Minister for Housing, Youth, Sport & Industrial Relations
- In office 2011–2023

Shadow Minister for Education, Culture, Sport, Youth, Civic Rights & Media and Broadcasting
- In office 2000–2011

Personal details
- Born: Gibraltar
- Party: GSLP (1989-1992) LPG (since 1992)
- Other political affiliations: GSLP-Liberal Alliance (since 2000)
- Children: 3
- Alma mater: Bayside Comprehensive School Leeds Trinity University College University of Wolverhampton University of the West of England Middle Temple Inns of Court
- Occupation: Teacher (1988-2000) Barrister (since 2010) Politician (2000-2023)
- Portfolio: Minister for Housing, Employment, Youth & Sport
- Website: Steven Linares at the Government of Gibraltar website

= Steven Linares =

Gibraltarian former teacher, barrister and former politician

The Hon. Steven Ernest Linares is a Gibraltarian teacher, trade unionist, barrister and former politician affiliated to the Liberal Party of Gibraltar (LPG). He was an MP at the Gibraltar Parliament and as of December 2011 formed part of the Government of Gibraltar as Minister for Sport, Culture, Heritage, Youth, Utilities, Refuse Collection, Fire Service, Civil Contingencies and Postal Services. Since June 2021, Linares was the Minister for Housing, Employment, Youth and Sport. On 19 September 2023, it was announced that he would not stand for re-election, ending his 23 year career as MP and 12 years as Minister. He has been replaced as the third Gibraltar Liberal Party (and one of 10 GSLP/Libs coalition) candidate by Leslie Bruzon, whom he became his election agent at the fiercely contested but successful elections.

== Biography ==
Linares was one of the first admitted to the Bayside Comprehensive School, along with Peter Montegriffo, Gilbert Licudi and Dominique Searle. He worked in several positions (Barclays Bank, Retco. etc.) before, at the age of 23, enrolling at Leeds Trinity University College where he received his B.Ed. (Hons.) in 1987. In 1988 he taught at St Joseph's Middle School and then for twelve years at the Bishop Fitzgerald Middle School before being elected to Parliament in the 2000 general elections.

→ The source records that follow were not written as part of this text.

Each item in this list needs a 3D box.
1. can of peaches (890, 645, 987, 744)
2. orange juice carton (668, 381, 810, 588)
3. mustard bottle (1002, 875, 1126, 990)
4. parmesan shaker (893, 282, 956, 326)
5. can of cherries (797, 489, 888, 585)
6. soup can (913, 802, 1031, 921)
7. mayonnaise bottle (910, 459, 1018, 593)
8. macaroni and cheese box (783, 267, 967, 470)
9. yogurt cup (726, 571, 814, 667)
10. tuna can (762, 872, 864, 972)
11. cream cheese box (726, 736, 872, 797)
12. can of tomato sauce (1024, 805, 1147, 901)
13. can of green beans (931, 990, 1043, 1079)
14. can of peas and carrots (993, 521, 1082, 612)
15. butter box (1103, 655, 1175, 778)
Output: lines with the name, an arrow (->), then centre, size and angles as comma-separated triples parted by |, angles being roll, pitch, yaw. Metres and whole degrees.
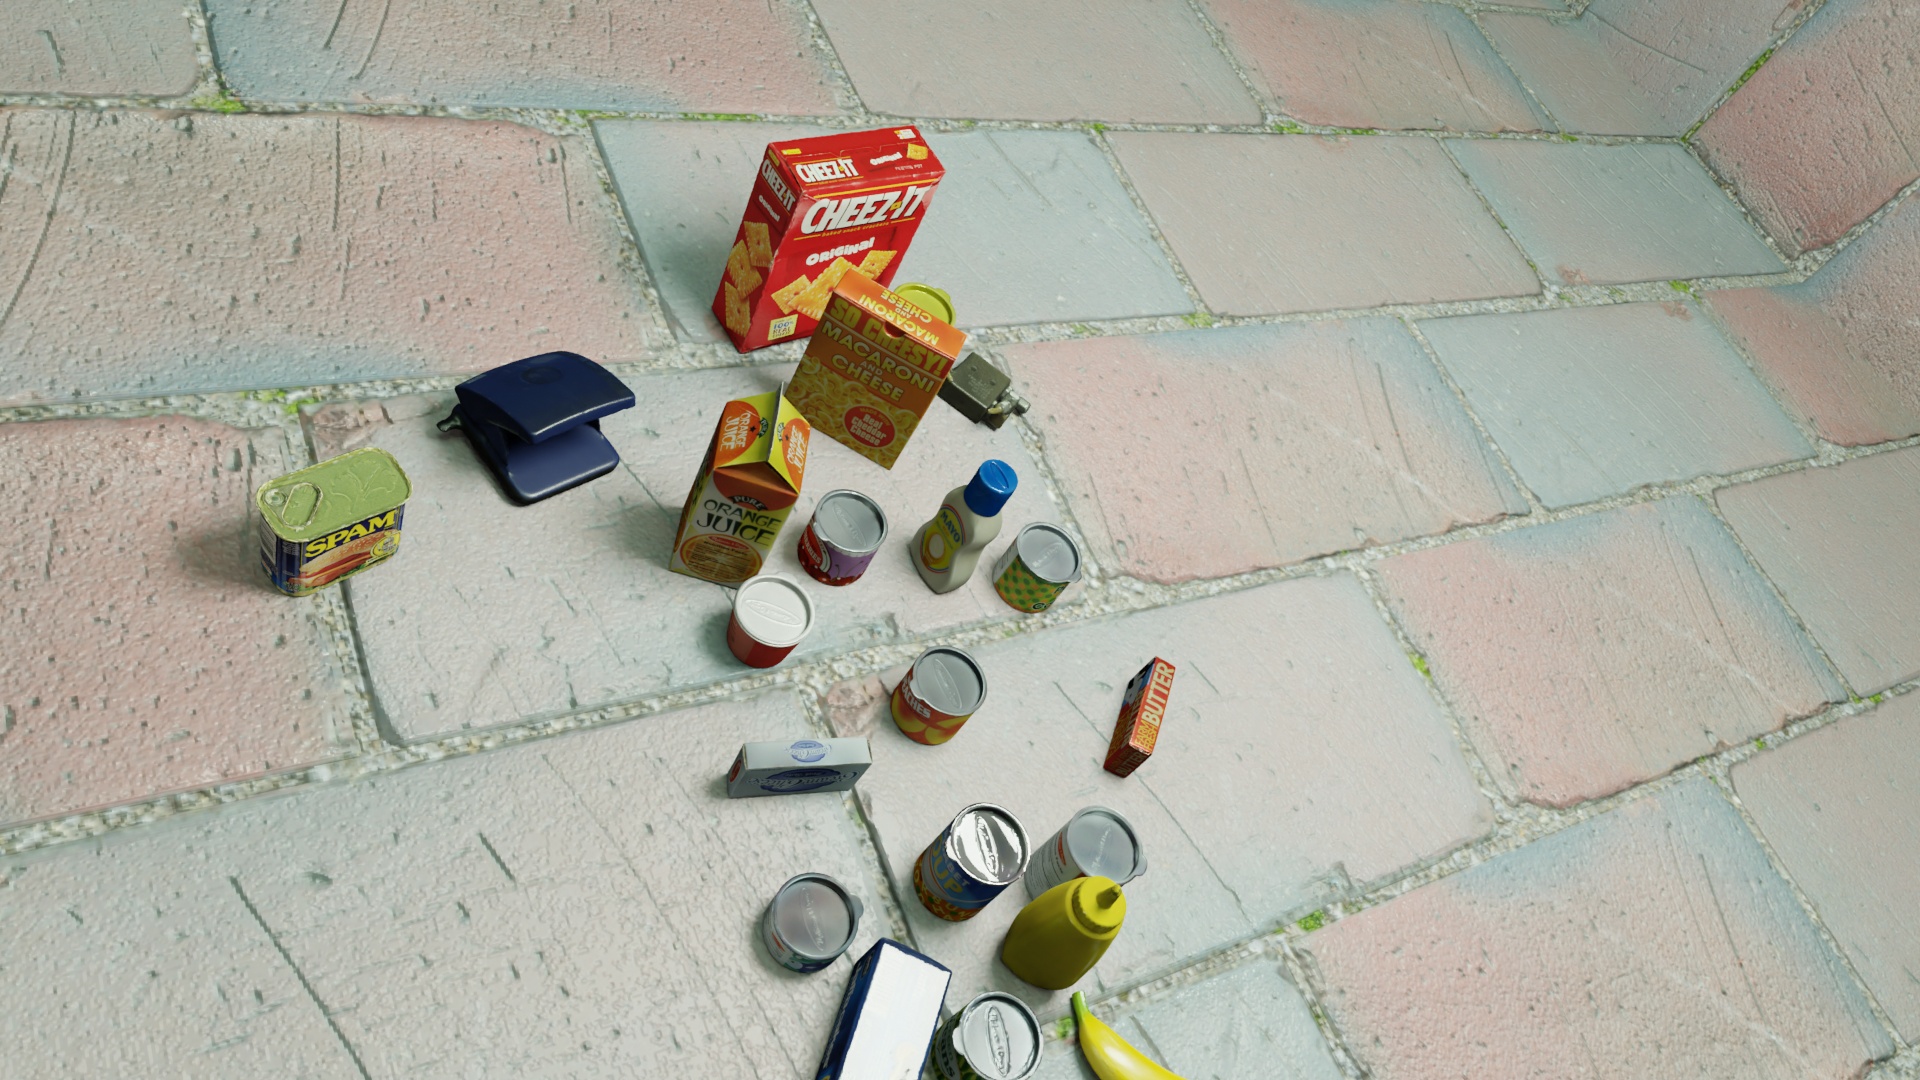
can of peaches -> -0.021, 0.130, 1.165 | 0.071, 0.057, 0.071 | 14, 52, -18
orange juice carton -> -0.175, -0.044, 1.125 | 0.073, 0.191, 0.072 | 17, 51, -16
mustard bottle -> 0.086, 0.287, 1.037 | 0.065, 0.159, 0.049 | 32, 48, -2
parmesan shaker -> -0.052, -0.194, 1.357 | 0.071, 0.102, 0.071 | 14, 52, -18
can of cherries -> -0.106, -0.002, 1.218 | 0.071, 0.058, 0.072 | 14, 52, -18
soup can -> 0.005, 0.250, 1.074 | 0.071, 0.083, 0.072 | 14, 52, -18
mayonnaise bottle -> 0.004, -0.015, 1.225 | 0.041, 0.147, 0.065 | -16, 65, -35
macaroni and cheese box -> -0.082, -0.152, 1.269 | 0.124, 0.165, 0.040 | 29, 49, -5
yogurt cup -> -0.159, 0.069, 1.143 | 0.072, 0.053, 0.073 | 14, 52, -18
tuna can -> -0.109, 0.282, 1.026 | 0.071, 0.032, 0.071 | 14, 52, -18
cream cheese box -> -0.126, 0.176, 1.081 | 0.104, 0.053, 0.024 | 1, 57, -26
can of tomato sauce -> 0.100, 0.260, 1.114 | 0.071, 0.082, 0.071 | 14, 52, -18
can of green beans -> 0.019, 0.369, 1.010 | 0.071, 0.057, 0.071 | 14, 52, -18
can of peas and carrots -> 0.073, 0.027, 1.287 | 0.071, 0.058, 0.071 | 14, 52, -18
butter box -> 0.160, 0.158, 1.240 | 0.024, 0.052, 0.104 | 29, 49, -5

Affiliated in 1989 to the Gibraltar Teachers' Association (GTA), Linares was also a member of Gibraltar Socialist Labour Party (GSLP), where he remained until 1992. That year, he joined the Gibraltar National Party (later Liberal Party of Gibraltar) and chose to focus more on union issues. He became vice president of the GTA in 1993 and president in 1995. He was elected to the Gibraltar Trades Council in 1994 and was president of the Gibraltar Representative Organisation from 1993 to 1995, where he worked with Jaime Netto and Joe Holliday.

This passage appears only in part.